I felt most of the characters were well developed and enjoyed getting to know them. For me the only drawback in character development in this book was father. Throughout most of the book he was just kind of there and pretty passive. We never really get a sense of his feelings, his struggles or his decisions. We learn things about him toward the end of the book ,but we don’t really know him. Since I didn’t know him or what he was thinking I could only be disappointed that he never admitted to his part in the breakup. It would have been nice to learn what he was thinking, as he sat in silence all these years. It seems cowardly of him to go to his grave content for his daughters to be alienated from their mother due to a partial truth. I may be taking it too far, but the revelation of his actions is something his adult daughters will now have to reconcile without the chance to talk to him: The hero dad they grew up with vs. the dad that played a real part in the destruction of the family. Nothing happens by itself and I think dad’s character could have been written a bit stronger and perhaps more insight given into his relationship with his wife and daughters.

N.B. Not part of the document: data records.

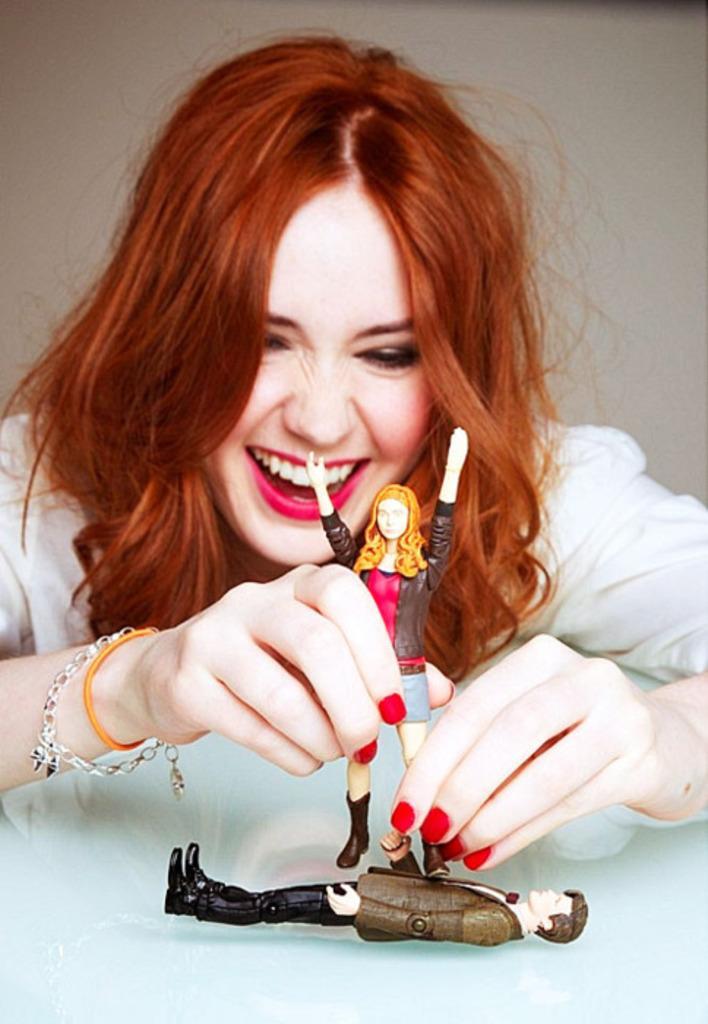Could you give a brief overview of what you see in this image? In this picture we can see a woman smiling and holding a doll with her hands and in front of her we can see a toy on the platform. 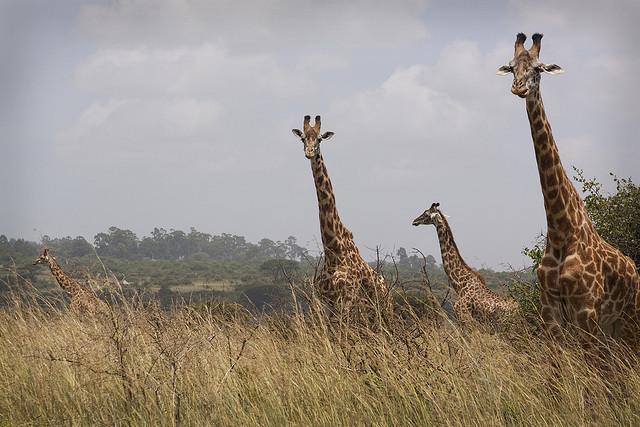How many giraffes are there?
Give a very brief answer. 4. How many zebras are there?
Give a very brief answer. 0. How many giraffes can you see?
Give a very brief answer. 3. 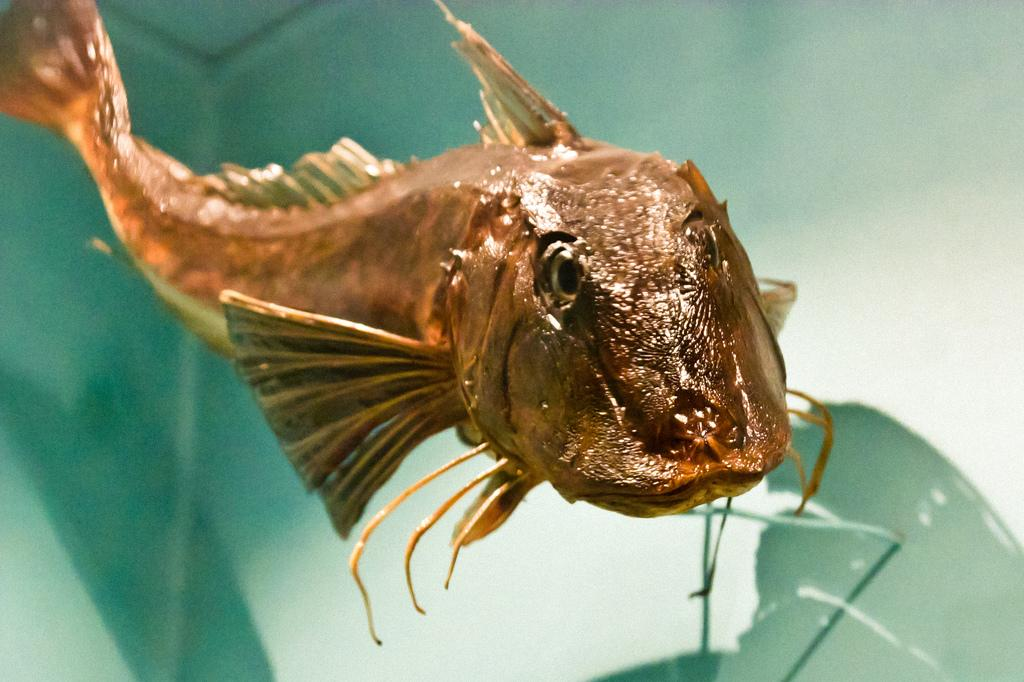What type of animal is in the image? There is a fish in the image. Where is the fish located? The fish is in water. What type of lumber is being used to build the pan in the image? There is no pan or lumber present in the image; it features a fish in water. 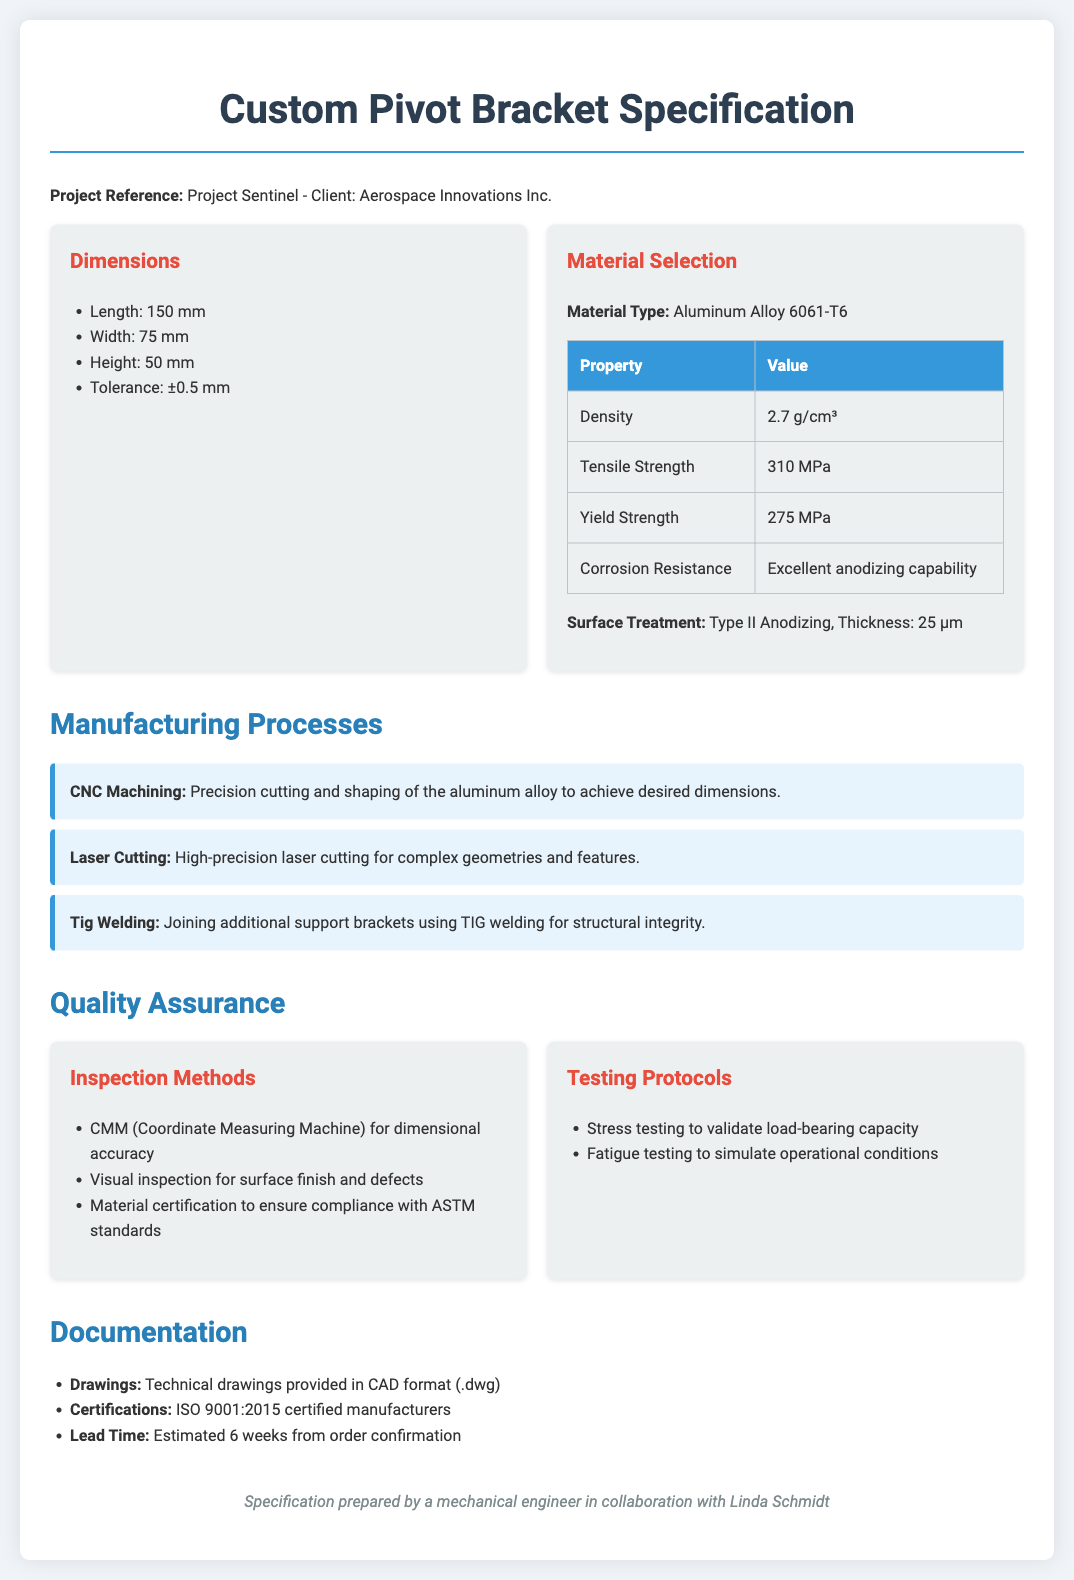What is the project reference? The project reference is provided in the document header, specifying the project name and client.
Answer: Project Sentinel - Client: Aerospace Innovations Inc What are the dimensions of the component? The dimensions include length, width, height, and tolerance, which are listed under the dimensions section.
Answer: Length: 150 mm, Width: 75 mm, Height: 50 mm, Tolerance: ±0.5 mm What material is selected for the component? The material selection section specifies the type of material chosen for the component.
Answer: Aluminum Alloy 6061-T6 What is the tensile strength of the material? The tensile strength is provided in the material properties table.
Answer: 310 MPa How many manufacturing processes are listed? The document outlines several manufacturing processes under the respective section, which can be counted.
Answer: 3 What surface treatment is specified? The surface treatment details are outlined in the material selection section of the document.
Answer: Type II Anodizing, Thickness: 25 µm What is the estimated lead time for delivery? The lead time is mentioned in the documentation section of the specification.
Answer: Estimated 6 weeks from order confirmation Which inspection method is used for dimensional accuracy? The inspection methods section lists various techniques used during quality assurance.
Answer: CMM (Coordinate Measuring Machine) What is the certification status of the manufacturers? The certifications mentioned in the documentation section provide information on the manufacturers' quality standard.
Answer: ISO 9001:2015 certified manufacturers

Jasmine is a colorful character who adds a lot to the story. I enjoyed the addition of the teenaged character of Wayne to the story line and what it brought to the girl’s relationship. I was slightly disappointed that he didn’t reenter the story, as I was hoping we would at least get to see how his life turned out. I became sad when reading how dad tried to carry both roles after mother left. His attempts at cooking, shopping and listening were hard for the girls to accept because they so desperately wanted their mother for these duties. It was easy to understand how Ginny felt when her mom wasn’t there to go school shopping or to confide in the day she got her first period. The author drew the reader in by dealing sensitively with these emotions, which I believe are felt by all daughters who lose a mother.
This book touches on many issues affecting women in their relationships with each other. It explores the role of mother, sister, wife and friend. It touches on the hidden woman behind the happy smile, the artist within and the darkness of depression.
I found What We Keep to be an interesting story from start to finish. I enjoyed Berg’s descriptions in the story. I could visualize the town and the time period as she detailed houses, stores, clothing, cars and food of the 1950′s. It is a short book that could easily be read in one or two sittings. When I was about three quarters of the way finished, I thought I knew just how it would end. I was pleased to see that it was not as predictable as I thought. Although not a new release I think this would be an enjoyable summer novel for those who have not yet read it.